Gold believes that with the layoffs, the companies have proven that they have recognized the signs of the times. He no longer expects any significant further mass layoffs.
Microsoft has now laid off I think ten or 12,000 employees, but they also hired 40,000 last year. The same goes for Google, or Alphabet – which has now also laid off 10,000 employees, but hired 30,000 new employees last year. We’re coming out of this tremendous growth and boom phase. As long as there is no further external shock in the form of a recession over the summer, then I would say that the worst is actually over and we are now back in somewhat calmer waters.
And that’s precisely what could have a positive impact on the rest of the U.S. economy. Nearly nine million people work in the tech industry in the US, which together contributes $1.8 trillion to the American economy.
Many other industries in the U.S. see Silicon Valley as a pace-setter and look to the tech industry for guidance on spending, hiring and key strategic decisions. Initial studies conclude that employees who lost their jobs in the wake of the wave of layoffs find new employment at another company within three months.
Forty percent, according to job platform ZipRecruiter, reportedly find a new job after just one month.
Startup investor Gold says Silicon Valley is not running out of ideas. Even though a German news magazine recently claimed otherwise. He reckons that many of those laid off will be quickly rehired, especially if they come from software development.
Of course, we still have the big trend topics such as cloud computing, autonomous driving, and electric cars. Through ChatGPT, of course, we have a big topic with artificial intelligence. Everything that is AI will change the market even more than Marc Andreesen said back then with his famous phrase “Software Eats The World”.
Jennifer, the former project manager at Facebook, could start working again at her old agency in San Francisco. She even received an offer from Facebook, albeit on much worse terms. But she decided against it. She would rather not work for a tech company again for now. The working hours put her off. And she felt exploited.
I focus on my family. One of the most important things I’ve learned is that balancing career and family is crucial, especially when you have young children, when you’re a mother. And right now is the time to focus on your family and maybe put your career on the back burner for a couple of years.

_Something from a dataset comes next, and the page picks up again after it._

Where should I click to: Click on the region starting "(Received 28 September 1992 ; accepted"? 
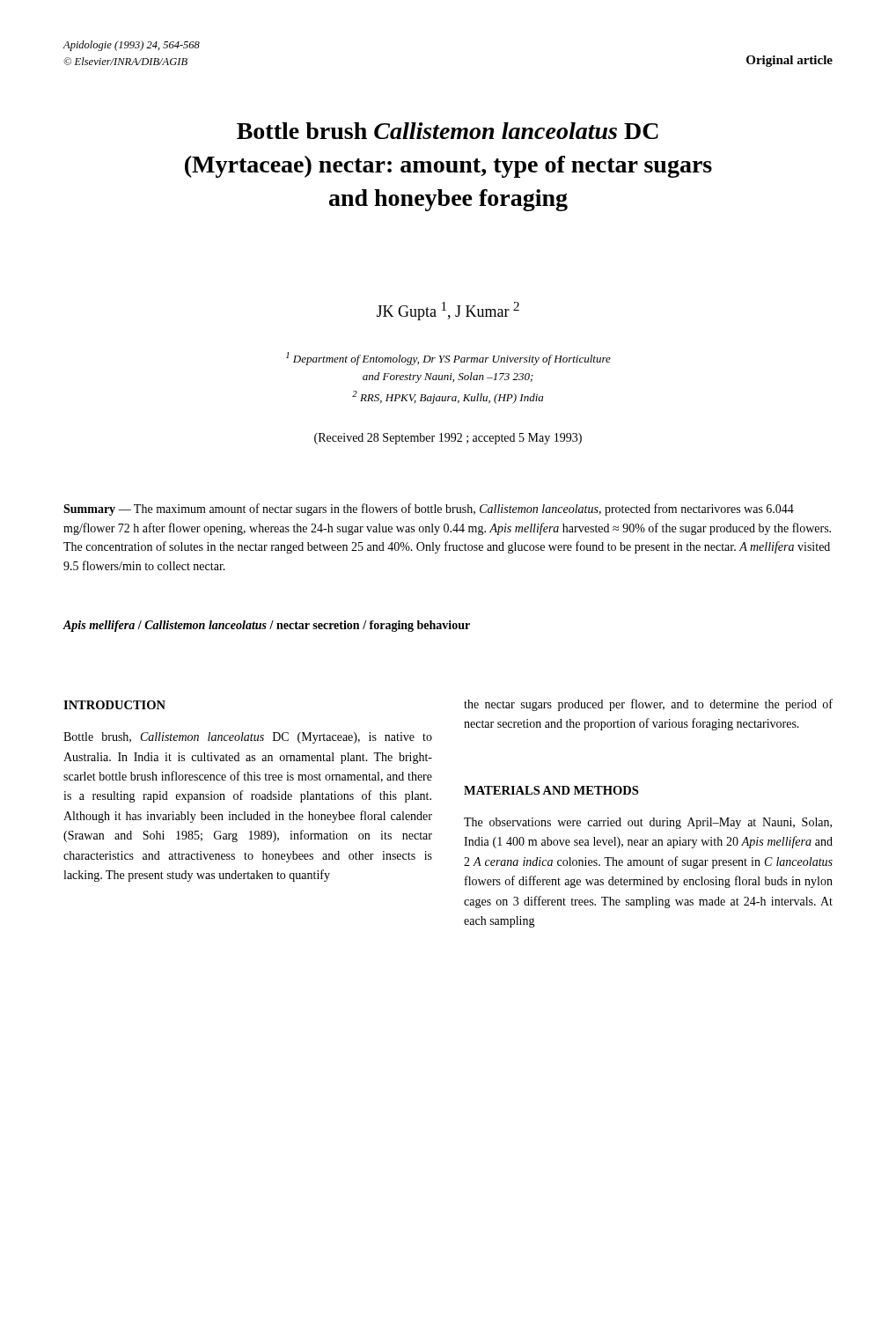[448, 438]
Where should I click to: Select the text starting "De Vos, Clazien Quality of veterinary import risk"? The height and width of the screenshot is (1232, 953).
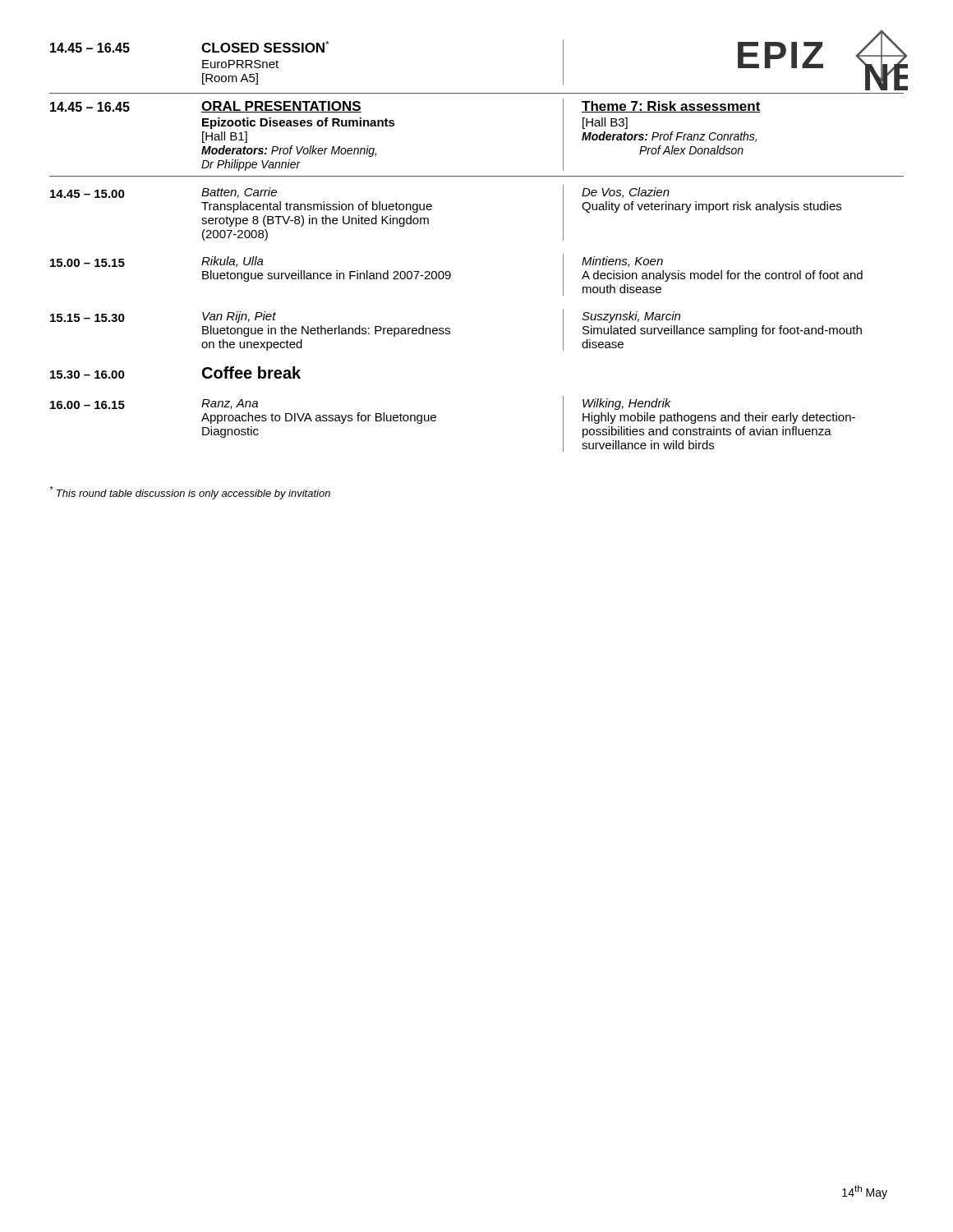tap(712, 199)

Helena from southern Germany has also decided against Silicon Valley. She has already given notice on her apartment in San Francisco and packed her first boxes. She plans to return to Europe in a few weeks.
I know what I can do. I know that I am good at what I do. And on my resume, of course, it looks great. I was in Silicon Valley at a big tech company. I’m looking at it in a very positive way. I’m looking forward to the next step that’s coming up. This attitude here in the U.S. – hire and fire – this mentality, it doesn’t hit you quite as hard as it might in Germany, where the whole thing is somehow such a stigma. You get fired, that’s something bad. Here in the U.S., maybe it’s not like that after all.